According to the Common Core State Standards, students should be having these rich problem-solving experiences, but the reality in our schools is something different; they tend to do page after page of “exercises” – both in general education and special education, of course, but particularly in special education. In 2006, John Woodward observed that many students have a “mistaken belief that all math problems can (and should) be answered in five minutes or less.” Many teachers hold this mistaken belief as well (Sheldon, 2013), and as a result, “far too often students with LD and those in remedial classrooms spend their time completing worksheets or responding to low-level questions in a direct instruction context” (Woodward, p.47). For example, I observed for a semester in a 7th grade mathematics classroom for students with LD in which students almost exclusively worked rote problems from a workbook called SRA. (The rest of the time, when they were not working the rote problems, they were with a teacher’s aide playing games in a computer lab). Students worked individually at their desks, and the teacher would come around and check the students’ work and tell them whether they were right or not. The curriculum proceeded in a strictly linear fashion, and every day the teacher assigned new pages for them to work in class. Students did not talk to each other about mathematics (although there was quite a lot of “off-task” interaction about almost everything else BUT mathematics).
In classrooms such as the one I observed where students are doing repetitive, low-level mathematics worksheets, many educators blame the low expectations we have for special education students. Advocates for the Common Core, such as Martha Thurlow (2012), suggest that one of the major perils that we fall into in special education is that of low expectations. In my own experience as a high school special education teacher, I often encounter students who have the same goals carried over year after year – such that an 11th grader might have a goal written at the 7th grade level that is never met and somehow is just reintroduced every year without much thought on the part of anyone involved. These low expectations for special education students are perhaps not too surprising, though, given that, according to special educators, students with learning disabilities “typically have deficits in attention, memory, background knowledge, vocabulary, language processes, strategy knowledge, visual-spatial processing, and self-regulation” (Jitendra and Star, 2011, p.13). Generally, what is prescribed to treat these deficits is some form of pull-out or push-in instruction, once the student has been identified as having a learning disability. Alternatively, the student might be removed from the general classroom entirely and put in a special class with a modified curriculum, where the only students in the class have disabilities.
The apparatus of special education requires that we first identify a student with a disability using a scientific criteria. Generally placement is based on a student’s performance on a norm-referenced achievement test administered by a special education teacher or psychologist.

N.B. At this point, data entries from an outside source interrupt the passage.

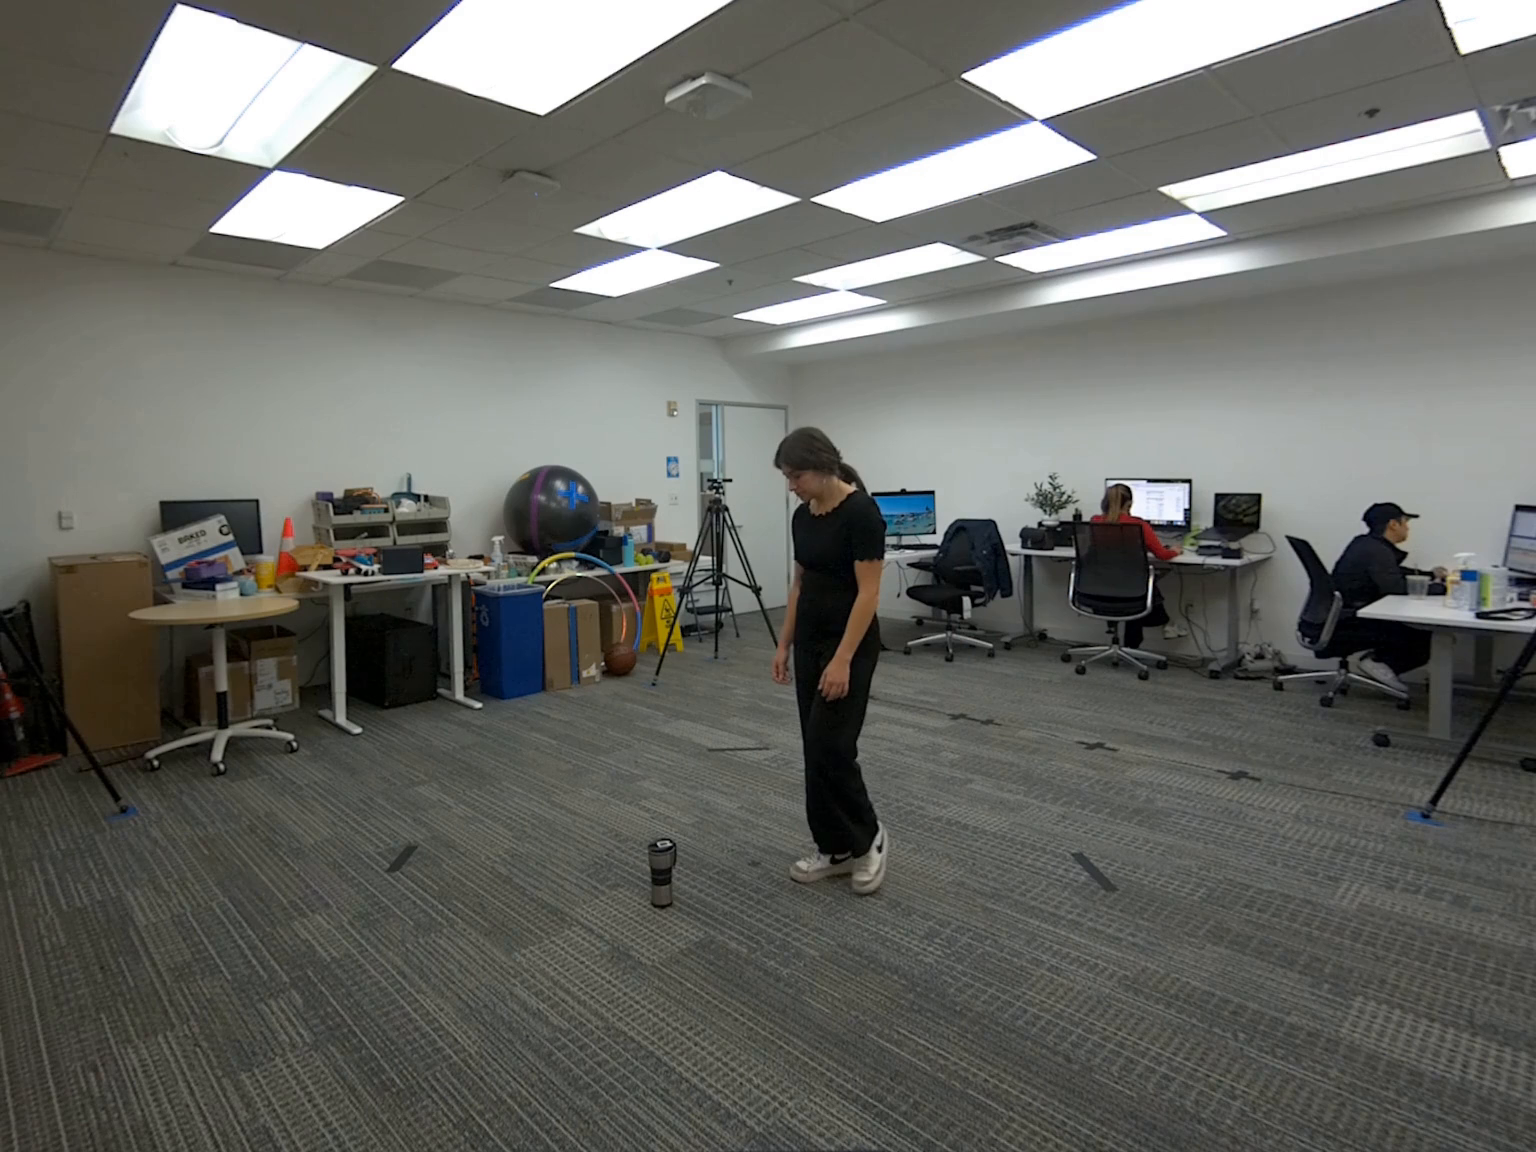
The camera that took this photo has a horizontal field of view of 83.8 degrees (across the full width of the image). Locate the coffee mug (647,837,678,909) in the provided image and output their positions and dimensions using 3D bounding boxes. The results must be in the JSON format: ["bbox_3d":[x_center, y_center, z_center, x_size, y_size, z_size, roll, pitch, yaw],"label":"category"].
[{"bbox_3d":[-0.330,0.982,2.832,0.090,0.202,0.119,-3,5,38],"label":"coffee mug"}]
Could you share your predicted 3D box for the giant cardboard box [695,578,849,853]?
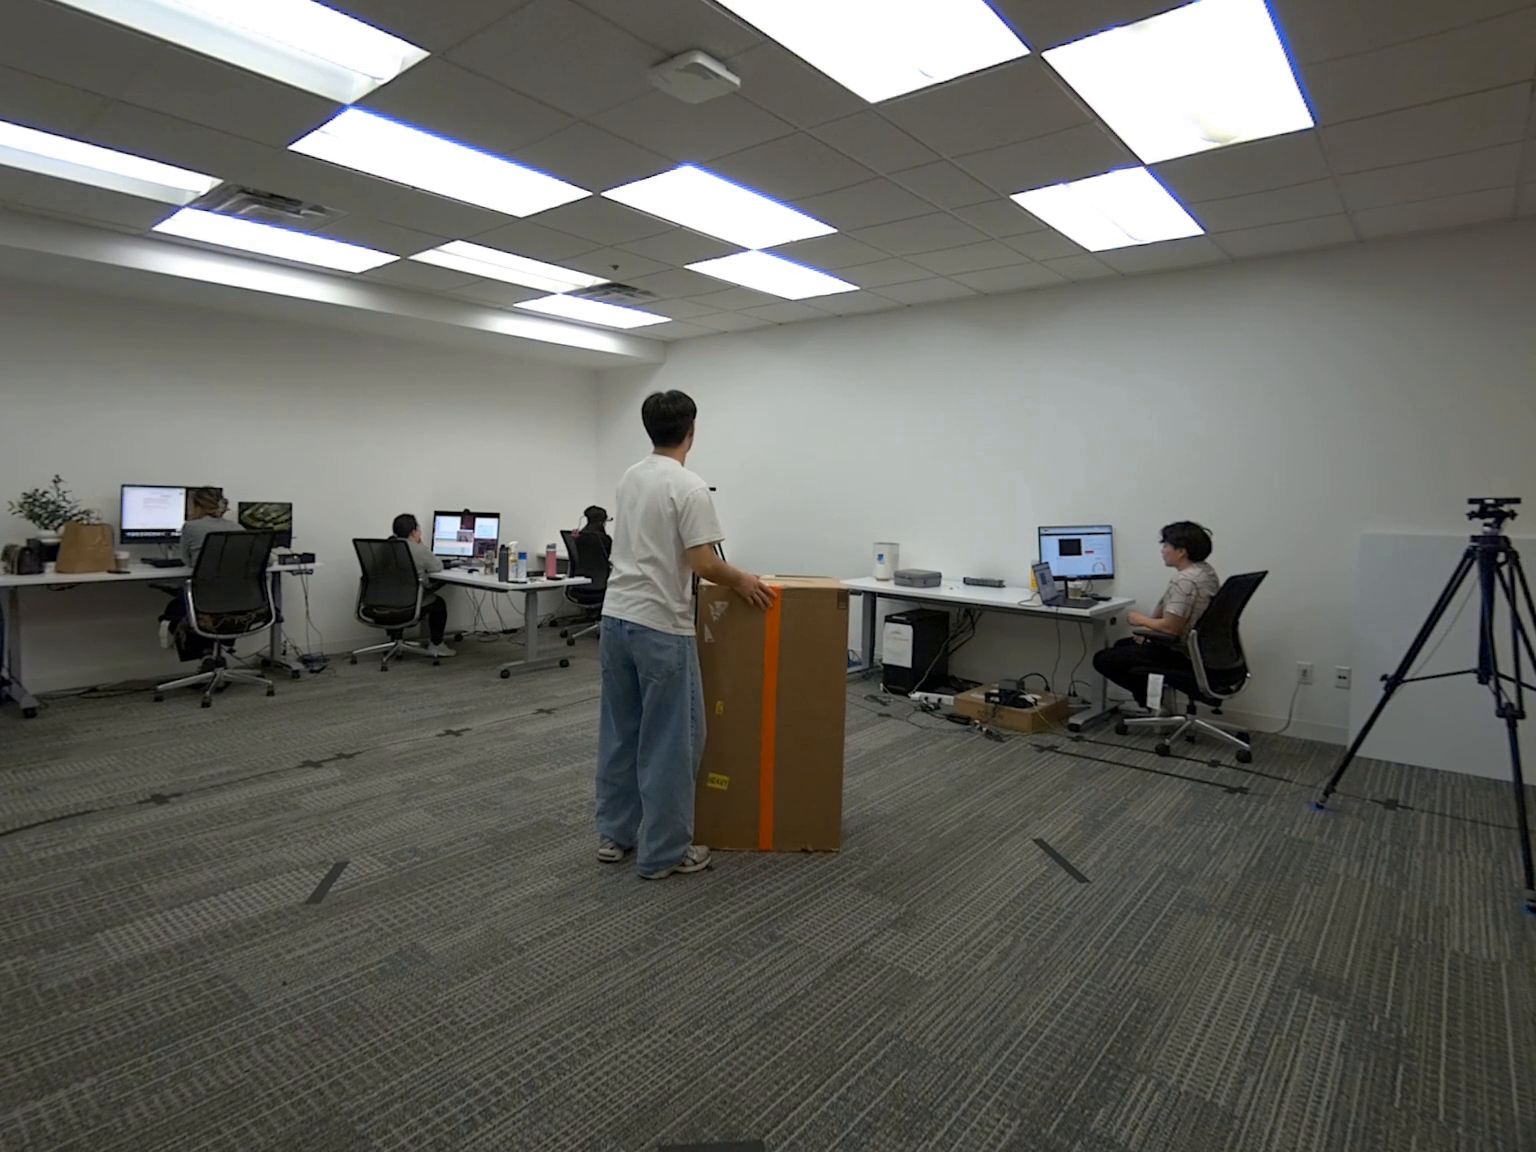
[{"bbox_3d":[-0.012,0.527,3.463,0.577,1.023,0.428,2,3,-2],"label":"giant cardboard box"}]
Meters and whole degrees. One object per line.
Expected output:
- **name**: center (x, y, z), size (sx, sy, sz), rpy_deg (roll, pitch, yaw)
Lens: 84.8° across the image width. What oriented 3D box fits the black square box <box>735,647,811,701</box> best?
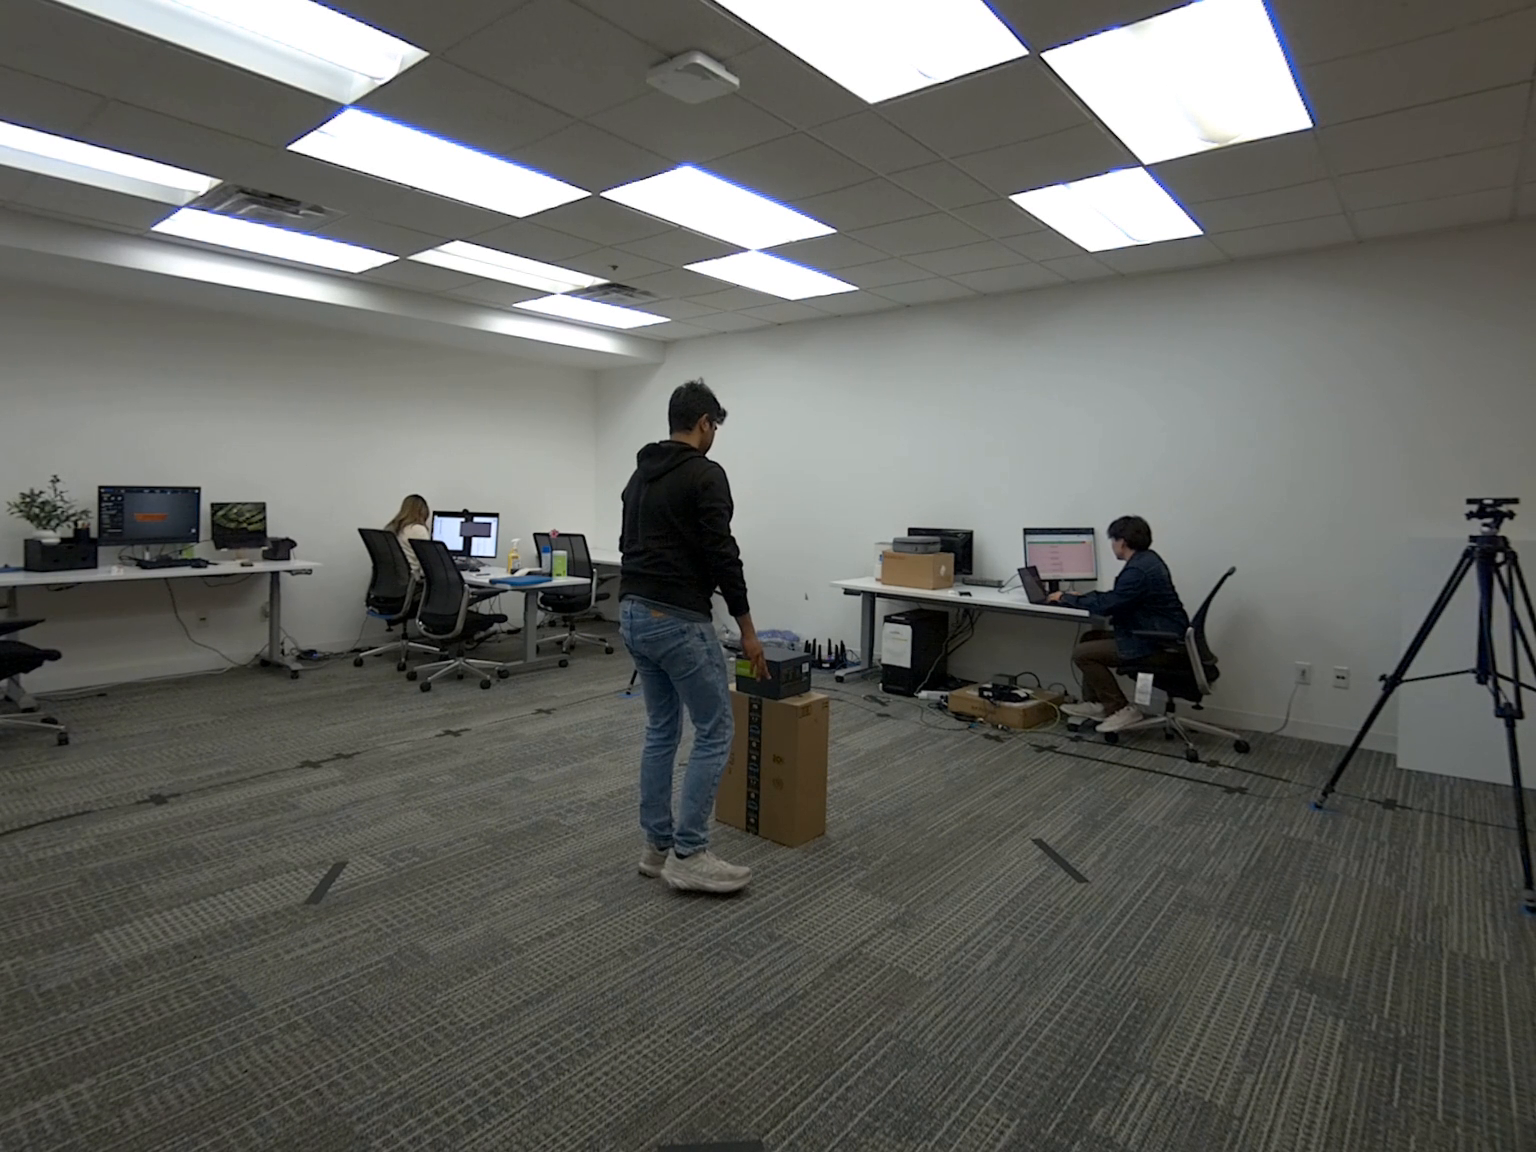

These tests are rarely revised; the Woodcock Johnson III, the most commonly used test, was last revised in 2001 with the norms updated in 2007. The basic kit for this test costs $664 (Riverside Publishing), so many smaller districts are using out of date editions and the test is kept under strict copyright controls to keep districts from making photocopies or sharing the questions with parents. The mathematics section of this test covers four areas: calculation, which is paper and pencil arithmetic; math fluency, which is a bunch of short problems done quickly; applied problems, which are oral word problems; and quantitative concepts, which are brief factual questions about mathematics. Each of these questions are designed to be answered quickly, have only one right solution, and correctness is based entirely on a numerical answer rather than the process by which you reach it. Scores on this test are given on a bell curve based on the norms for a student’s grade level; a score of 100 is considered average. The achievement scores are designed on a similar scale as IQ scores and are intended to be compared to them. Depending on which state the student is located in, the cut-off for identification varies; it ranges from one to one and a half standard deviations difference between IQ and achievement. The idea is that a student with this discrepancy has a “learning disability” that prevents their brain from processing information and learning in the same way as other students, whereas a student without this discrepancy does not have such a disability.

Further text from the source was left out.